About the only technological damnations that grind the doctor‘s gears more than “Big Data” are Mobile, Apps, or The Cloud (which may be the worst damnation of them all).
So why is this a damnation? Besides the facts that “big data” is not new and the term “data scientist” is bullish!t? Let’s list a few reasons:
- it’s unnecessary confusion for the sole purpose of
- fear marketing and
- labour cost inflation.
Let’s take each of these one by one.
Big Data is NOT new
We’ve always had more data than we could fit in memory, or even on a hard disk. When the doctor was getting his degrees back in the early 90’s, he was focussing on (multi-dimensional) data structures, algorithms, and computational geometry (which are the fundamental computer science and mathematics theories that underlie databases, analytics, and optimization) and when he was designing structures and algorithms to process this data efficiently and effectively, and studying their ability to scale, he regularly ran into the problem of not having enough memory to fit all of the data in memory that he wanted (to study large scale applications) or not enough disk space to store everything he wanted (and support swap files). Physicists, (GIS) engineers, operations researchers, etc. always had (access to) more data than they could work with at any one time or even fit on a single machine. Nothing has changed. Yes it is true that we can collect data faster than ever with so many devices with microprocessors and onboard memory collecting data every second, but it’s also true that hard drives and memory have scaled. Back in the day, the doctor‘s first PC had a 10 GB hard drive and 1 MB of RAM (and that was a lot). Now, the doctor‘s three-year old mid-end laptop has 8 GB of RAM and a 500 GB hard drive (and the average server has 256 GB, or more, of RAM and a few terabytes of hard drive space).

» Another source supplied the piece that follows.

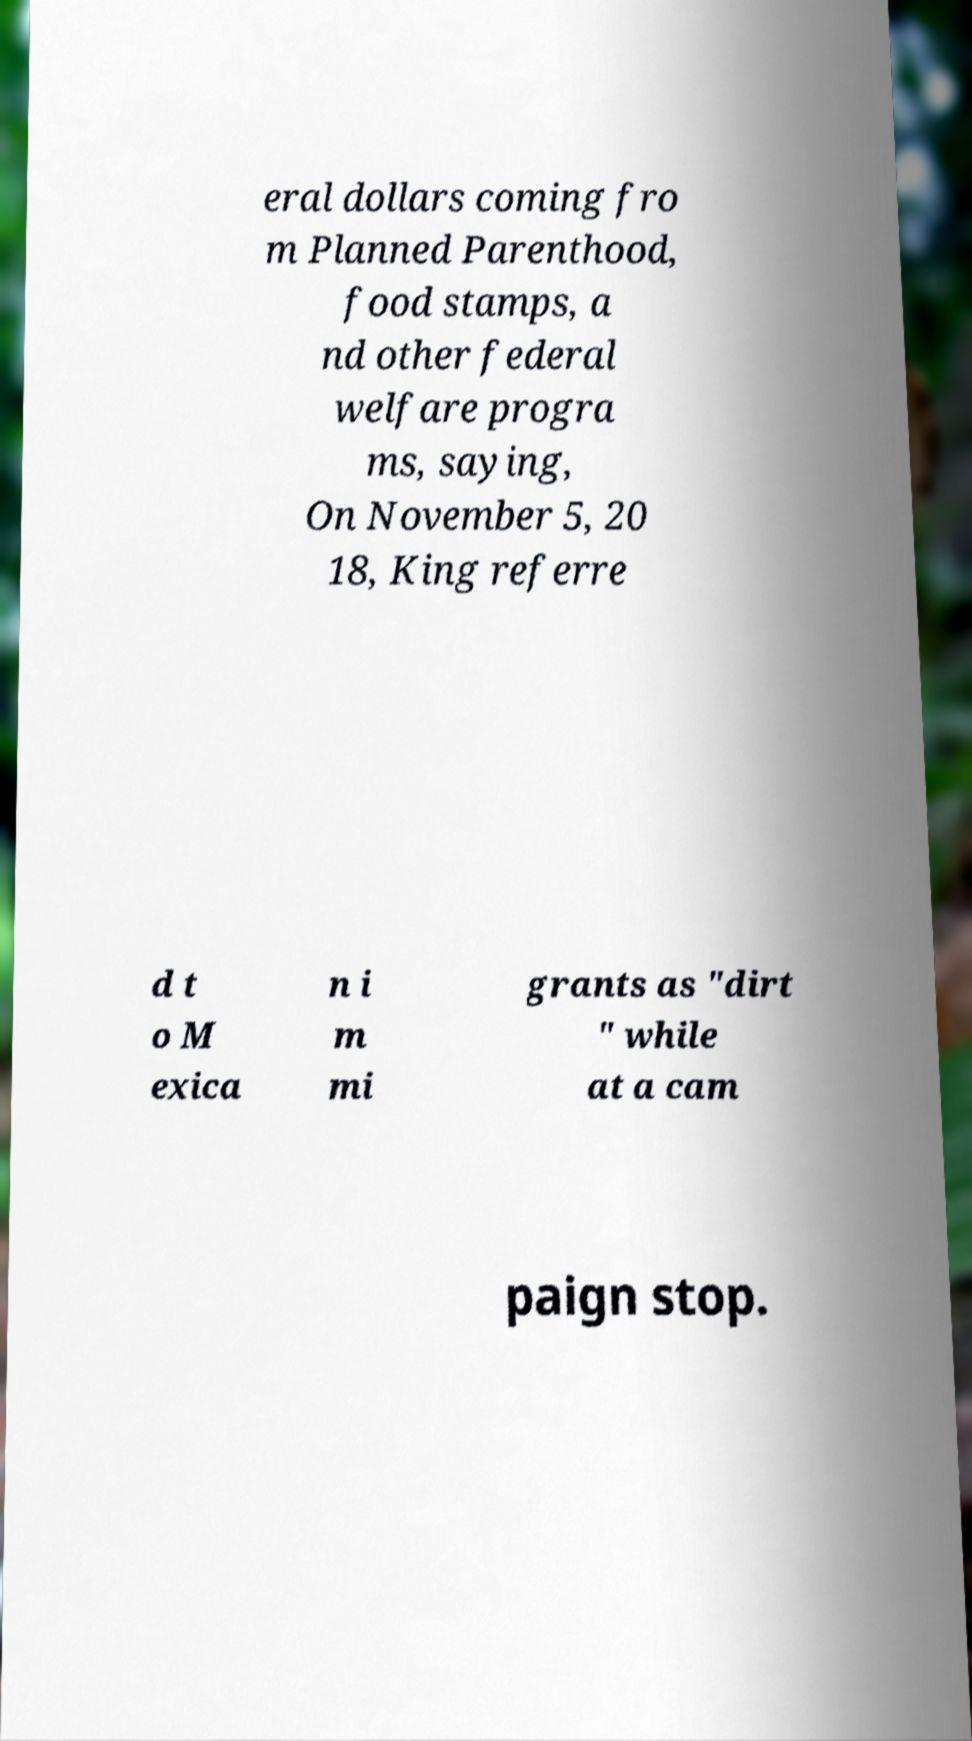Can you read and provide the text displayed in the image?This photo seems to have some interesting text. Can you extract and type it out for me? eral dollars coming fro m Planned Parenthood, food stamps, a nd other federal welfare progra ms, saying, On November 5, 20 18, King referre d t o M exica n i m mi grants as "dirt " while at a cam paign stop. 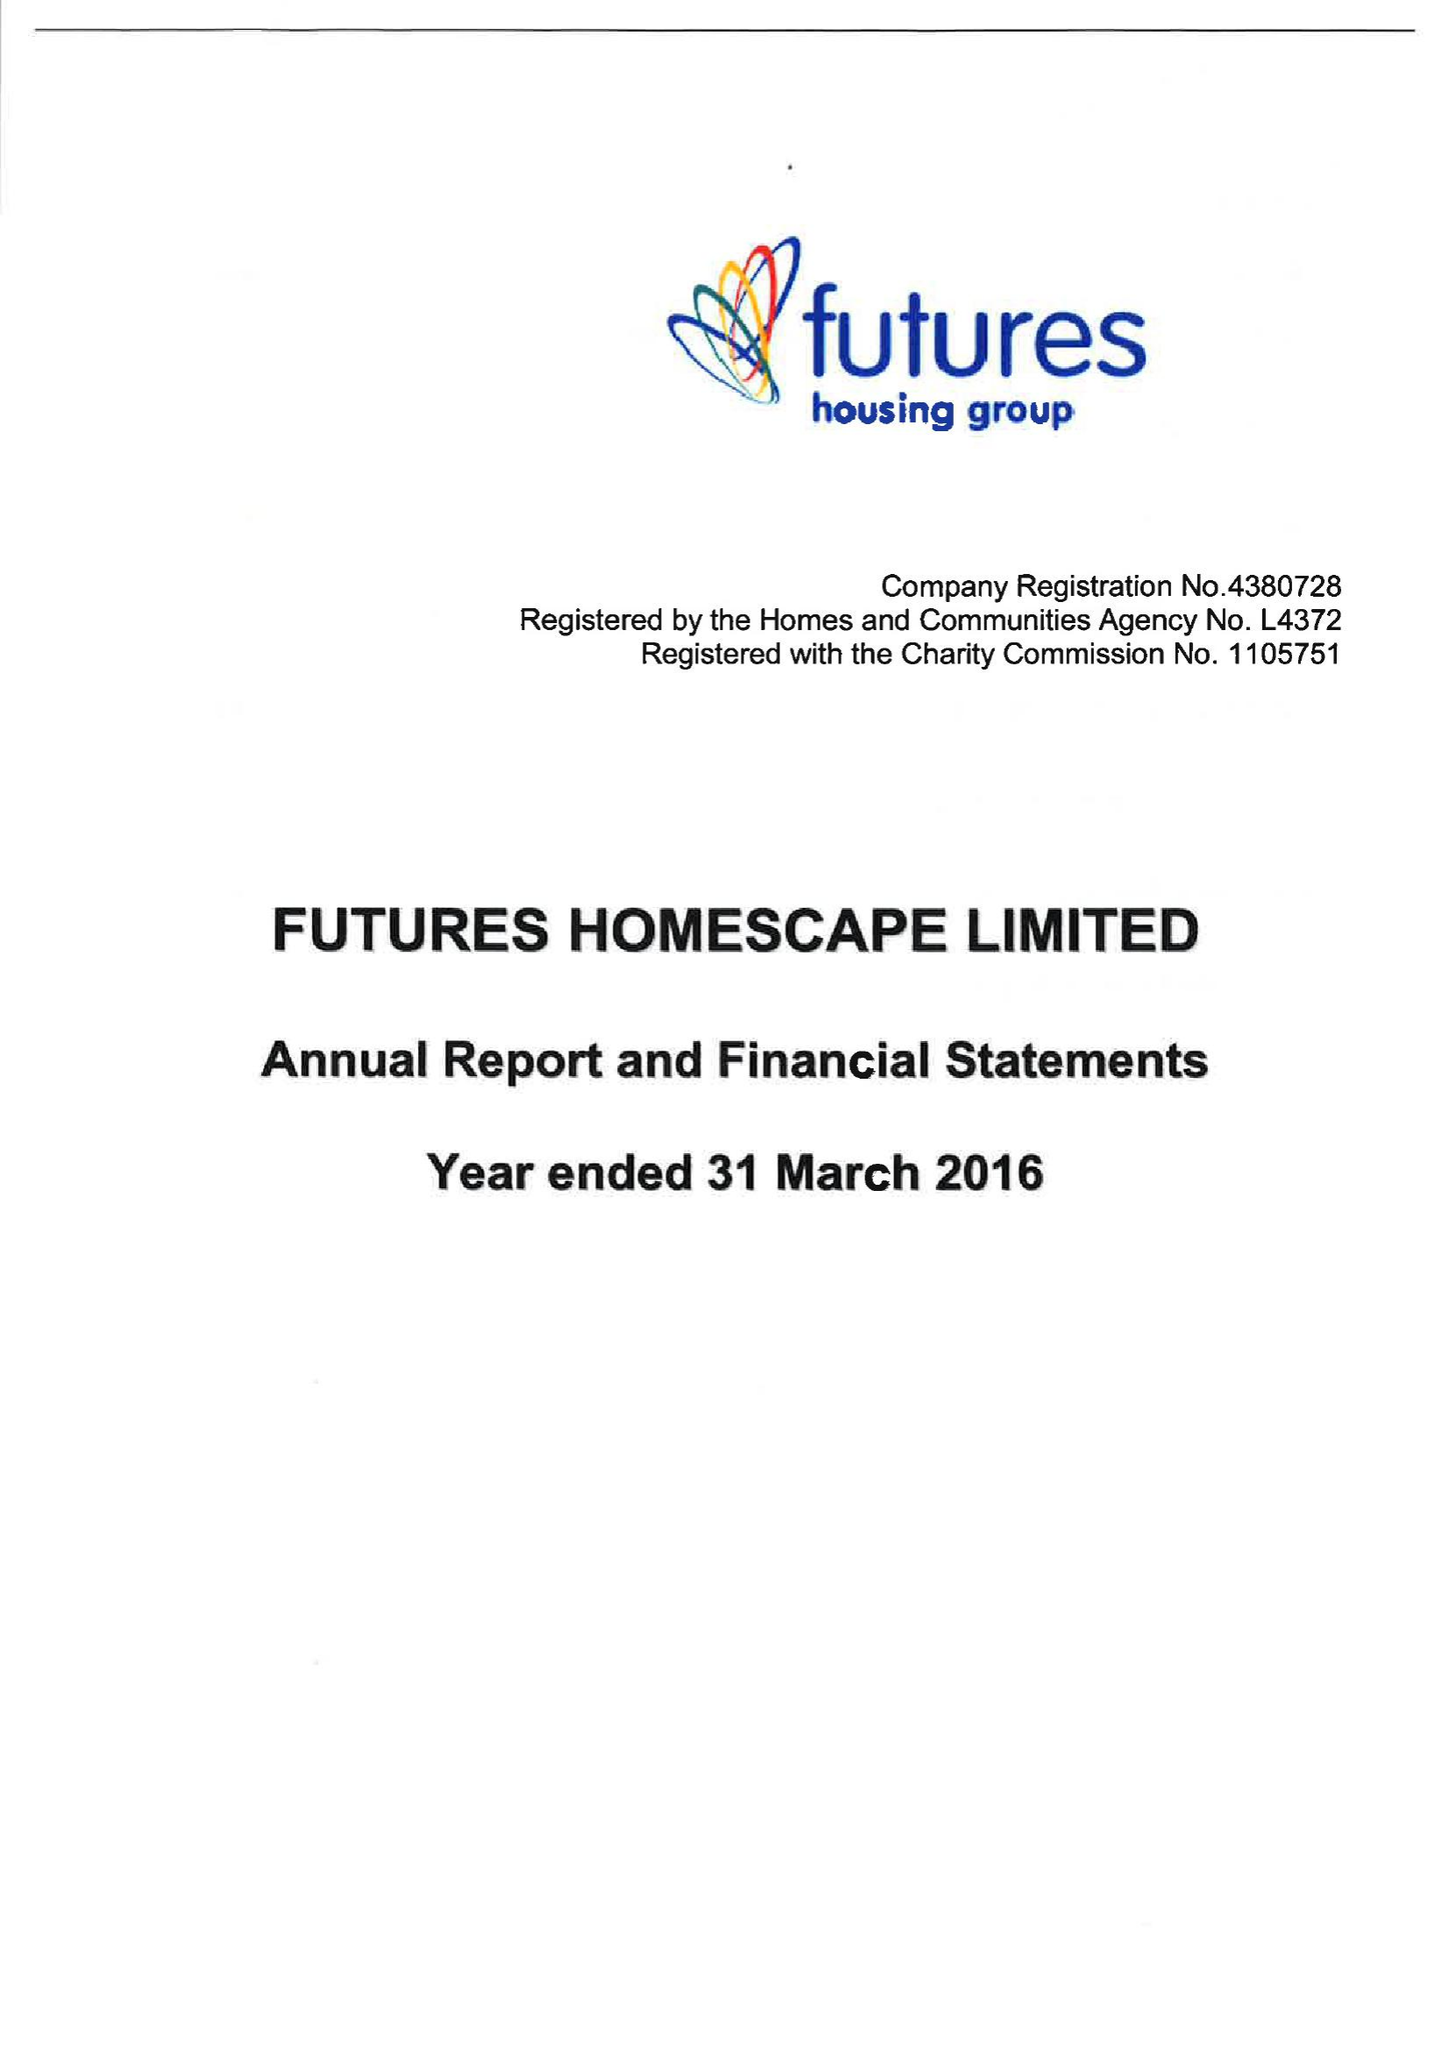What is the value for the spending_annually_in_british_pounds?
Answer the question using a single word or phrase. 24055000.00

“Data” Scientist is a bullsh!t term
Pardon my language, but what the hell is a “data” scientist. Don’t you understand that every scientist is a “data” scientist. All scientists collect data, analyze data, interpolate data, make hypotheses on data, and collect more data to test those hypotheses. All scientists do this, no exceptions. Some, such as statisticians or computer scientists, focus more on data analysis and interpretation than others, but they are not a “data” scientist. They are a statistician or a computer scientist.
Unnecessary Confusion
Pretty much everyone who uses “big data” or “data scientist” is using it in such a way as to do their best to confuse you to the point where you feel stupid and ask them for help. Help which will cost a small fortune.
Fear Marketing
Most utilization of the terms is designed to not only confuse you, but instill as much fear as possible because it is designed to make you feel like you don’t understand it, but your competitors do and, moreover, if you don’t figure it out fast, your competitors are going to use their understanding to derive insights that these competitors will then use to steal your customers and your marketshare — so you better pay a big fistful of cash to take a ride on the “big data” bandwagon fast, or risk being stranded on the side of a desert road with no horse, no water, and no map.
Labour Cost Inflation
Because the providers who are driving the “big data” bandwagons are driving unnecessary demand for their analysts (which they are calling “data scientists”) through their confusion-based fear marketing, and rapidly reducing availability of those resources (beyond normal utilization of those resources) when they are successful, they are able to unrealistically inflate prices because of the perceived lack of resource supply. Net effect, you pay more for resources you may not even need!
In short, not only is “big data” an eternal damnation (and one that children of the 80’s would proclaim originated on Eternia), but it is a damnation that will be in your face day-in and day-out until the providers find a new fear-driven bandwagon to thrust upon you.